American mail order catalogs offer a very useful time line on changing fashion trends.
A 1923 Wards mail order catalog shows the varied styles of underwear available for boys and girls in 1923. The underwear came equipped with numerous buttons for button-on styled clothing and for holding up the long stockings that were still commonly worn. Girls had bloomer or romper styled underwear while boys, excet for the youngest, wore stright legged underwear. Many styles for boys and girls were checked.
Dress-like sleepers were made for small infants. Older infants might wear shorter skirt-like garments, perhaps only for the girls.
One of the most popular styles for todlers and pre-school children, both boys and girls, were rompers. The rompers were a sharp departure from earlier styles for young children which were often very elaborate an constrictive. Loose-fitting rompers were a much more casual approch to children's clothes. They were mostly made for pre-school children, but as they were made through age 6, some children may have worn rompers after they came home from school.
One of the major development after World War I was a marked increase in the popularity of casual clothes. This was especially true for children's clothes. An interesting example here is what Sears called a Khaki Jean Summer Suit. It was a play suit made in sizes from 5 to 14 years (Sears, Spring-Summer, 1923). This is notable because in the 1920s most boys older than 12 wore knickers, not shorts. Here a exception was commonly made for camp. We see for example, Boy Scouts wearing shorts at camp, even though the standard uniform was knickers. The other unusual feature is that even though this is a hot-weather suit (recommended for vacations, summer camps, and general relaxed wear), it is shown with black long stockings--not very cool. Here we see the implied conflict between clothes designed to be informal and comfortable and yet that seem to require traditional black long stockings.
Boys wore a variety of coats in the fall and winter of 1922-23. Double breasted coats appear to have been very popular, including reefer jackets with sailor styling.
Sailor suits were still worn by American boys in the 1920s.
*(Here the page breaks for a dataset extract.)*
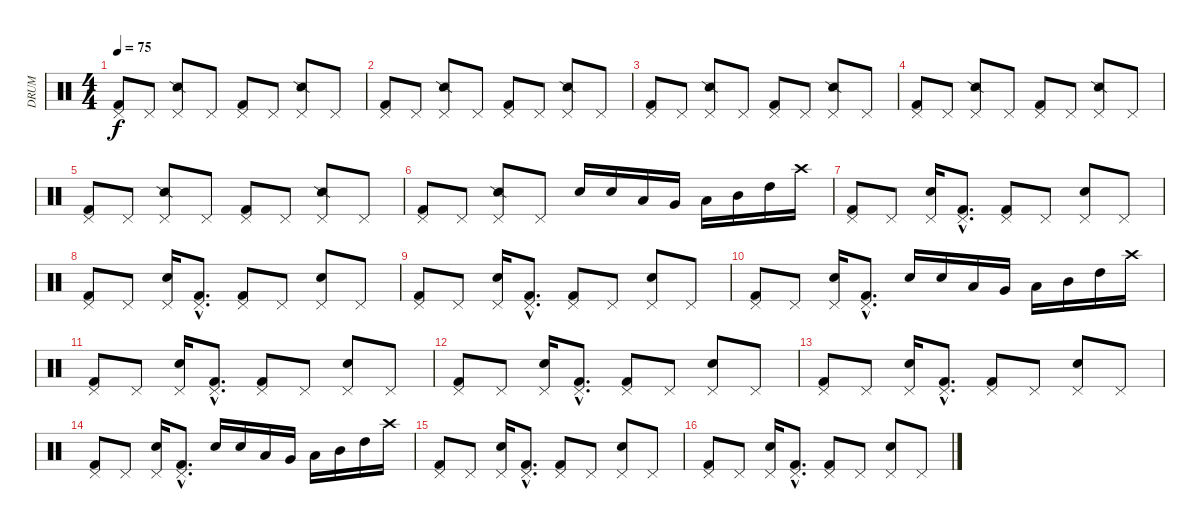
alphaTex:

They were most popular with younger boys, but HBC has b\noted them in sizes up to 19 years.
It was in the 1920s that our modern concept of cllared shirts became widely worn. The soft collar began to replace the Eton collar that had dominated oler boys' dresswear sine the 1890s.
American boys still commonly wore long stockings in 1923, espsecially during the fall and winter. Kneesocks had begun to appear more commonly in catalogs, but long stockings were still the most common for winter wear. Three-quarter socks were more common during the summer--unless a boy went barefoot, still common in small towns and rural areas.
A 1923 Wards mail order catalog shows the varied styles of hosiery available for boys and girls in 1923. The page from the summer catalog was entiled, "Well wearing hose for roming children". The illustrations show boys wearing both kneesocks and long stockings with anove the knee knickers. Wearing kneesocks with above the knee knickers was only in fashion for a few years. Much but not all of the hosiery offered for sale was the same for both boys and girls.
The 1920s clothing catalogs included a variety of garments and accessories besides the major categories. Many are important to note as in some cases as fashions changed or developed, they would disappear or become important styles in future generations. This is one of the valuable elements of these catalogs, allowing us to track changing fashions with sources of known dates.
Underwear was still rather complicated in the 1920s, primarily because of the popularity of button-on-styling and because long stockings were still being worn. We have a good bit of informatin because underwear was both advertised in catalogs as well as in many magazines.
A 1923 Wards mail order catalog shows the varied styles of underwear available for boys and girls in 1923. The underwear came equipped with numerous buttons for button-on styled clothing and for holding up the long stockings that were still commonly worn. Girls had bloomer or romper styled underwear while boys, excet for the youngest, wore stright legged underwear. Many styles for boys and girls were checked. There were several styles of combination suits. They were called combination sits because they combined both underm shirts and under pants. Wards also calls them "waist suits" and "romper togs".
Here we see an ad for Forest Mills Underwear. The ad emphasizes the company's product line for the entire family. I'm not sure what magazine carried the advertisement. We do know that it appeared in 1923. Forest Mills was a brand name for the Brown Durrel Company. This is not a company which we know anything about at this time.
We note popular boys' footwear styles rapidly changing from high-top to low-cut shoes, but both were still available in 1923. We note styles like saddle shoes and closed-toe sandals.
Here is the children's shoe page from the 1923 Montgomery Ward catalog, page 213.
This is an interesting page because it offers a wide range of styles. We note both high-top and low-cut shoes. Some ofthe styles will look old fashioned to the modern reader, such as ankle trap shoes and high-top Butcher shoes. while others such as the low-cut shoes and sandals wlll look suprisingly modern. Several of the low-cut shoes were for girls. We note both high-top and low-cut shoes. Thwere are also several styles of closed-toe sandals, suggesting that they were very popular. There were also a range of shoes for toddlers.